To curtail global warming, here are the usual tips: ride a bike, use low-energy light bulbs, hang the wash outside, plant a garden. Not just any garden, but a garden that will feed you. A garden that is pesticide and chemical fertilizer-free not only will feed your body, it will feed your soul. And it may take the pressure off global farmers who now must produce for their own people rather than ship goods to the United States and Europe.
You have no garden at all? Then check into the potential of community gardens. There may be one near you. Or, there may be a neighbor’s garden to share. You do the work and share the produce. Many neighbors will be delighted at the prospect of homegrown produce in their own yards.
Don’t have a backyard? Consider the front yard. More and more gardeners are using every available inch of land. Have only a patio? Tomatoes, peppers, and eggplants grow well in pots, as do herbs. Cucumbers will vine up a trellis.
Perhaps you live on rocky soil without a teaspoon of garden-ready soil? Build up rather than try to dig; raised beds may be the best choice.
Once you look around, you’ll find unused ground that may sprout the best garden ever.
But how to start? Well, consider two approaches. One may be perfect for you. You’ve discovered a spot of land that gets about six hours of sun and has access to water. That’s the first part. Now you have to decide: tear up that plot of grass or scratch up the weedy dirt? You have two choices. One is called the sheet composting method. This takes a bit of time, so it’s best to set aside the winter or spring. But in a hurry, a month may do. Place cardboard on the top of the soil, overlapping the edges. The area you cover with cardboard will be your garden. Water thoroughly. Layer leaves, grass clippings, composted veggie scraps, even composted sheep, poultry, goat, llama, rabbit or horse manure.
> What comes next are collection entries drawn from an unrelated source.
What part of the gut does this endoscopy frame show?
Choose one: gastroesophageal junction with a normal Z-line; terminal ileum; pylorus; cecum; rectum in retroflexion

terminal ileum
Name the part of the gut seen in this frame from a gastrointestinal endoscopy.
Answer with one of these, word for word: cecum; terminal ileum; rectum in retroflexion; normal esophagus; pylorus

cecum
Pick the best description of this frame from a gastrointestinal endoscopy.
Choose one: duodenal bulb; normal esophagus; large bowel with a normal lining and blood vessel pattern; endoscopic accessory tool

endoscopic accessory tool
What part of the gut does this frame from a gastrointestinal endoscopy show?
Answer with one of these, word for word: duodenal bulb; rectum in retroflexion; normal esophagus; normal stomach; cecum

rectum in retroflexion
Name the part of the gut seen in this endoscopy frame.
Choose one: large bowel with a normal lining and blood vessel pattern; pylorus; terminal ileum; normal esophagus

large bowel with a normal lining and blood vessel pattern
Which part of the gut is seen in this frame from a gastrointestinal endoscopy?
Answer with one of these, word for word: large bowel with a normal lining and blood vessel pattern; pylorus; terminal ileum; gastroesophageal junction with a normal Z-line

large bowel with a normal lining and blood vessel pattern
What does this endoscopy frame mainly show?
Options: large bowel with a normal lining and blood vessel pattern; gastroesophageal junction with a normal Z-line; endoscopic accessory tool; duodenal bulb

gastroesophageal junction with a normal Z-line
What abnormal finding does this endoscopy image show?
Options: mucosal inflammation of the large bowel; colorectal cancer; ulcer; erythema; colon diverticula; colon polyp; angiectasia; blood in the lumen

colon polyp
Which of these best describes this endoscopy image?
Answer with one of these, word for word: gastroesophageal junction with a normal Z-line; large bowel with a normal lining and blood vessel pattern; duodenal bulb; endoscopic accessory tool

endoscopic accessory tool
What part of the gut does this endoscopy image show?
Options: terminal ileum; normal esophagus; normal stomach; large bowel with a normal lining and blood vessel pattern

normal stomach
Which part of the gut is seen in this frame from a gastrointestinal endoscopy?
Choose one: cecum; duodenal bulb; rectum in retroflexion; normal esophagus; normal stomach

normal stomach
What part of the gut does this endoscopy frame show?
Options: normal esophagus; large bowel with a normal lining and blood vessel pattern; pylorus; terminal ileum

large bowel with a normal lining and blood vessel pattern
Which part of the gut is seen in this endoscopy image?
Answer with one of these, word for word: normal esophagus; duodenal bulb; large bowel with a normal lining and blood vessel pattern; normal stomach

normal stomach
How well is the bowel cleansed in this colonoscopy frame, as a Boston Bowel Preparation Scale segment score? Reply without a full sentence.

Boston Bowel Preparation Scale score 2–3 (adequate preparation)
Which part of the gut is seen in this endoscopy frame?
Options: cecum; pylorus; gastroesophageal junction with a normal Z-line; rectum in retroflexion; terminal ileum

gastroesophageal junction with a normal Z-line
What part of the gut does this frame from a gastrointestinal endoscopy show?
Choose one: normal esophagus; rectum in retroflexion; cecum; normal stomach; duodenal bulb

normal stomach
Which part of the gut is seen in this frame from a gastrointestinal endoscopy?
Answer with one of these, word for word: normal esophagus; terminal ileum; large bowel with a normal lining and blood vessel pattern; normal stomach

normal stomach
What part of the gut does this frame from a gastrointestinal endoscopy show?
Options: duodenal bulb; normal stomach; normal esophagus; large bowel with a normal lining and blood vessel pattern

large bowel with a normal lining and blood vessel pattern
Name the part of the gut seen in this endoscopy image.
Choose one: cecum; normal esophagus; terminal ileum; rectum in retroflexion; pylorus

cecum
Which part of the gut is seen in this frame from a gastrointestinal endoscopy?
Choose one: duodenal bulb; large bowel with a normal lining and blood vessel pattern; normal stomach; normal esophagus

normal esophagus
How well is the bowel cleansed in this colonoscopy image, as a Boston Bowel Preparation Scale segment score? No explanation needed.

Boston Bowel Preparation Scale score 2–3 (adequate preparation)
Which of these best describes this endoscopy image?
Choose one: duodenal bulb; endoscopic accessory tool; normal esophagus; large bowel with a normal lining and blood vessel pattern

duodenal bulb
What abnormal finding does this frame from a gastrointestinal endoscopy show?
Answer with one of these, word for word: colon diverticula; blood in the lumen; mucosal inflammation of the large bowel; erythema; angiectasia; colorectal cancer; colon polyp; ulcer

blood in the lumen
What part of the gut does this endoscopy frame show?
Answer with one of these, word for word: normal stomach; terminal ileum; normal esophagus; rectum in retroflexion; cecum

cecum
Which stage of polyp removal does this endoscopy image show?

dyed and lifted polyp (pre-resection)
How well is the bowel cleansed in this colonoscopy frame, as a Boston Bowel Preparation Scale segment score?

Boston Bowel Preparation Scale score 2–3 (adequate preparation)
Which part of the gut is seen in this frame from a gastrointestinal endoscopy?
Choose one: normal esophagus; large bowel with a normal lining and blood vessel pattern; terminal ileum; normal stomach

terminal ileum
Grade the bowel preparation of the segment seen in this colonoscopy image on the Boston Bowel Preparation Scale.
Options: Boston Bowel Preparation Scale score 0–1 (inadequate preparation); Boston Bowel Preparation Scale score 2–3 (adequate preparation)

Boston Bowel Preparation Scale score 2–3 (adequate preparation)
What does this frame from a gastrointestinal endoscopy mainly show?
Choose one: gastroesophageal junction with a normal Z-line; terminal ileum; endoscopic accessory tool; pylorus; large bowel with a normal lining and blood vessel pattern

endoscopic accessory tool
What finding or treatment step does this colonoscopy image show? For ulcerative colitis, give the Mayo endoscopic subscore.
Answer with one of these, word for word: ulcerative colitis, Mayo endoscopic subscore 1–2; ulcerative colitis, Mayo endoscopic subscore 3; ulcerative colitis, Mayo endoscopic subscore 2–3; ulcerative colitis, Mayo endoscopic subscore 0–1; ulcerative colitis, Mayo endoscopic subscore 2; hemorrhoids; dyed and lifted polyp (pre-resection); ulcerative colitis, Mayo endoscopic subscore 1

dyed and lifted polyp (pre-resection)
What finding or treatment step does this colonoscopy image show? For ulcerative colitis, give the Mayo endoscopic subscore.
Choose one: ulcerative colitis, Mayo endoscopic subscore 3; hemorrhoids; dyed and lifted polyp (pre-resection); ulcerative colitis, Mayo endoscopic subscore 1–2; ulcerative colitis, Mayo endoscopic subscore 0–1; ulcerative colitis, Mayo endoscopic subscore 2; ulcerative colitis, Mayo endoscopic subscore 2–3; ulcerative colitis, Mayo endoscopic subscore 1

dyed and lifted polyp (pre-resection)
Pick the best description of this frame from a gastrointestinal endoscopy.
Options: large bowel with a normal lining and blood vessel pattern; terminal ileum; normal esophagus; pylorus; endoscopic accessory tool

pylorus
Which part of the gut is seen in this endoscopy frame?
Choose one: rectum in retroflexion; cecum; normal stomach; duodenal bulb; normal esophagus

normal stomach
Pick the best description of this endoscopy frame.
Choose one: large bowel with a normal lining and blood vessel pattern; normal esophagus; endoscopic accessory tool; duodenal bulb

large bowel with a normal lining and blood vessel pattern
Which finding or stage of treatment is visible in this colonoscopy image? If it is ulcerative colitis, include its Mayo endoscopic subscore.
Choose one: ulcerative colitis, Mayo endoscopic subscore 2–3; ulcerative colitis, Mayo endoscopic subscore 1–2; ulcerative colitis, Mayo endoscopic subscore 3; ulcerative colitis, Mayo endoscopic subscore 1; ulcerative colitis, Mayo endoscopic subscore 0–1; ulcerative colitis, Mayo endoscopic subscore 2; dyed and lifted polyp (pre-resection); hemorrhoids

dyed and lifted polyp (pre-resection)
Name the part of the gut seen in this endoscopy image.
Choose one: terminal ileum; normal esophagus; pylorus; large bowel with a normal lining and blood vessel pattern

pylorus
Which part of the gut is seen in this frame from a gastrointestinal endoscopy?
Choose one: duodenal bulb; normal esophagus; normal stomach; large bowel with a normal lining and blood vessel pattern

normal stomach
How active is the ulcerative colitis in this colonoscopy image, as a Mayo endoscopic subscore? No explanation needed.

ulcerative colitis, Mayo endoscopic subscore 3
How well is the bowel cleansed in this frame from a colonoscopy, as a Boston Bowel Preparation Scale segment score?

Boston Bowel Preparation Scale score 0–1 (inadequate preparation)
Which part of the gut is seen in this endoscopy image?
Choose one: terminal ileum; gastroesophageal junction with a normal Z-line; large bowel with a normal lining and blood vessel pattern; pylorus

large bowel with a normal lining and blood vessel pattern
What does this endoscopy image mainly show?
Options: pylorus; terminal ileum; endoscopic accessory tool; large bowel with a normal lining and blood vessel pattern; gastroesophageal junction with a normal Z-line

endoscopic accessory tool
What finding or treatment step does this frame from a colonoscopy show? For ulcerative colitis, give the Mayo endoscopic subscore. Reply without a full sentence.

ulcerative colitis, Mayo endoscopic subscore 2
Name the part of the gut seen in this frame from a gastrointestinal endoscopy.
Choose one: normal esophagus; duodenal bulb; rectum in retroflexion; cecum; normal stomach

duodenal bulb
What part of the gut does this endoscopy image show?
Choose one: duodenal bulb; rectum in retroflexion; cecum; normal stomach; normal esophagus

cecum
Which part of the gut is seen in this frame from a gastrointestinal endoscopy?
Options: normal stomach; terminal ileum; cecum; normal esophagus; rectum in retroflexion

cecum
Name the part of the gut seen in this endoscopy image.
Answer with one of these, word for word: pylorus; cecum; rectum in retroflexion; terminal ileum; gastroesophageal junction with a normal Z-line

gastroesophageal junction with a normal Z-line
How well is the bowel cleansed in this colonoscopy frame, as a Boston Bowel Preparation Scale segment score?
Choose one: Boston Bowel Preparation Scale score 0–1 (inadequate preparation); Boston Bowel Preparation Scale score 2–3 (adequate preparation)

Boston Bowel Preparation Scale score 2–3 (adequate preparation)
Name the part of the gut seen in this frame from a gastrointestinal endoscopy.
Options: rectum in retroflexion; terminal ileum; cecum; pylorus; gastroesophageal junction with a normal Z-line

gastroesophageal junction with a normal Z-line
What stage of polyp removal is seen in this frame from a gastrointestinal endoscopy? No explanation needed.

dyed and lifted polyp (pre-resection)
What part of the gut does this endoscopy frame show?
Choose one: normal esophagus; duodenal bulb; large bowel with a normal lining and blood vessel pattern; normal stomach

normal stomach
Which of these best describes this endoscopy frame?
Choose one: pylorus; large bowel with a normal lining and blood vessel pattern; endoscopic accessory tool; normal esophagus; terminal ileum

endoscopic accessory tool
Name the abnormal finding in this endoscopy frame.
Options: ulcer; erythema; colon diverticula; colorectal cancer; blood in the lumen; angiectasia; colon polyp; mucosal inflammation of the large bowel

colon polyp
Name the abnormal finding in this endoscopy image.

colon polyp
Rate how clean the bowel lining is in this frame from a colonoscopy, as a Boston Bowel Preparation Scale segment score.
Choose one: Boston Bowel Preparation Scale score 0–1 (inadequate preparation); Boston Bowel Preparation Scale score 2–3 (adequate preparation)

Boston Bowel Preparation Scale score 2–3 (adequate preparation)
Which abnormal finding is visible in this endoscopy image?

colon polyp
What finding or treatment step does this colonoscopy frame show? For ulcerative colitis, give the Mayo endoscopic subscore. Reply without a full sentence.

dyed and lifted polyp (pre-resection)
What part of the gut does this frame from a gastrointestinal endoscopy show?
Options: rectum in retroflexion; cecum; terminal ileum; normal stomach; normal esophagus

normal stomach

Avoid cow manure, which may contain the deadly Ecoli strain of bacteria and also arrives with too much salt. Ecoli may kill you; salt will kill your soil.
But if you have no available quality animal manure, it’s of no importance. Excellent gardens can be made from only leaf and grass clipping mulch. The major fertilizer ingredients are easy to come by, without resorting to chemical fertilizers. Grass clippings provide nitrogen; leaves, especially oak leaves, provide phosphorus. Western soils usually contain plenty of potassium. If you need extra nitrogen, alfalfa in powder or pellet form is excellent.
By the time the grass or weeds decompose under your cardboard, the layering will be soft and pliable, almost like a layer cake. You can set your transplants where you wish by simply pulling away the mulch, digging a hole, planting your tomato vine. Pull the soil and mulch back over the plant. Water and watch it grow.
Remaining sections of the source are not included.